Em setembro de ano passado, Elon Musk, o fundador da empresa aeroespacial SpaceX, revelou o seu ambicioso plano para colonizar Marte e construir uma cidade com mais de um milhão de habitantes no Planeta Vermelho até 2100.

O lançamento da nave Red Dragon, uma cápsula não tripulada que pode atingir Marte e pousar no Planeta Vermelho ou voltar para a Terra, deve ser o primeiro passo para a realização do sonho dele. De acordo com as previsões de Musk, a primeira cápsula deveria ser lançada em 2020 ou 2022, e a viagem tripulada deveria se realizar em meados da década seguinte, informou o portal Spacenews.

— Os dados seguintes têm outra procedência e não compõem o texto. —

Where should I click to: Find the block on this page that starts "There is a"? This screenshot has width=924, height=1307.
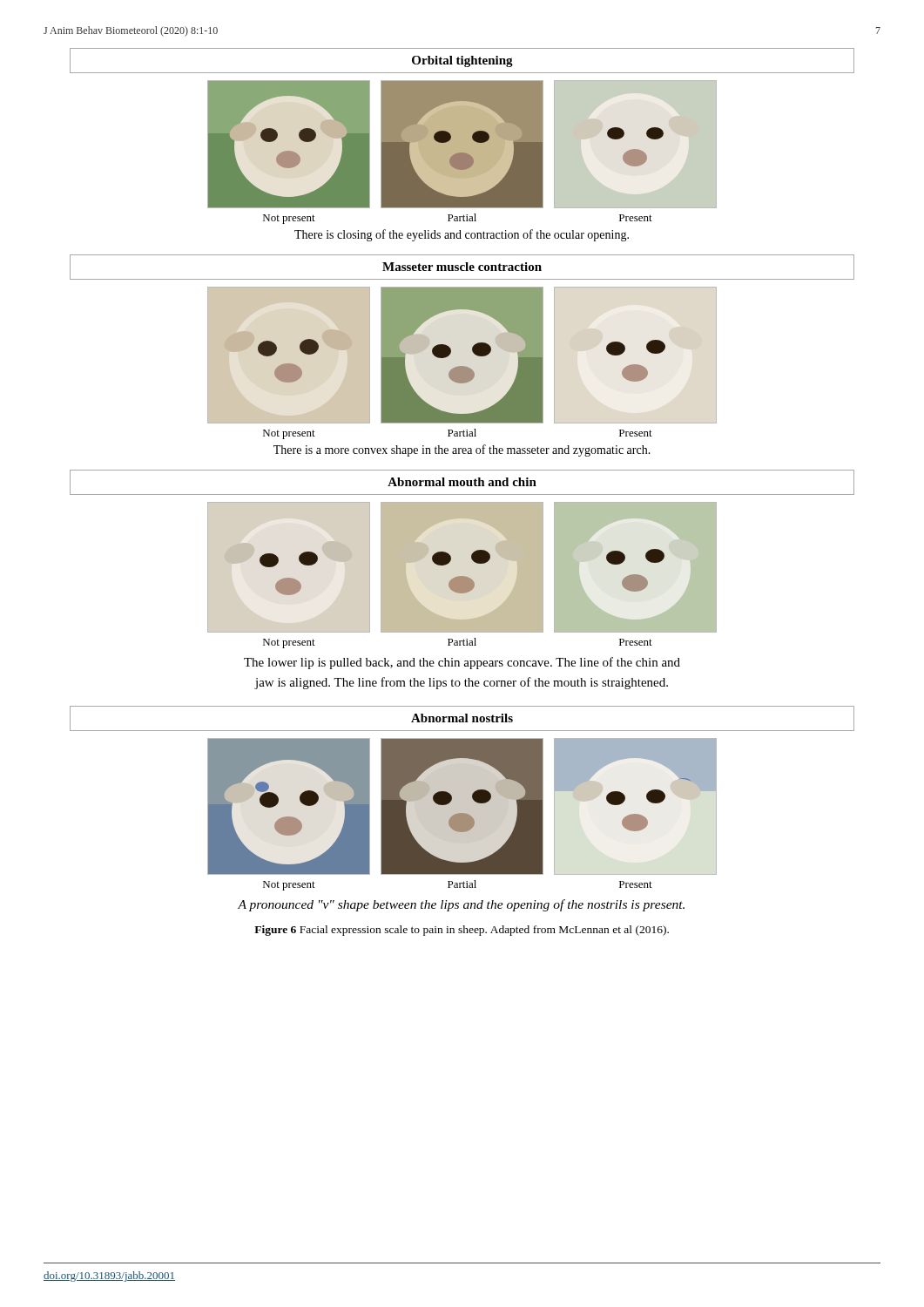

Posteriormente, o lançamento foi adiado para outra data por várias vezes. Entretanto, recentemente a SpaceX anunciou que, pelo menos formalmente, mantem o plano inicial: a Dragon realizará o primeiro voo sem tripulação a Marte em 2020, enquanto os primeiros astronautas poderão ir a Marte em meados da década seguinte.

Segundo a SpaceX, o primeiro passo para realizar o sonho de Musk deve ser a criação de uma nova versão do vaivém Dragon, que possa pousar não só na água, usando paraquedas, mas também realizar um pouso suave no solo duro, como o fazem os aceleradores do foguete Falcon 9.

De acordo com Musk, esta tarefa se tornou demasiado difícil, especialmente no contexto de segurança da tripulação. Mais do que isso, as últimas pesquisas dos engenheiros e cientistas da SpaceX mostram que essa estratégia de pouso em Marte é subótima, do ponto de vista energético e que a geração seguinte dos ônibus espaciais será baseada num sistema de pouso alternativo, energeticamente mais eficiente.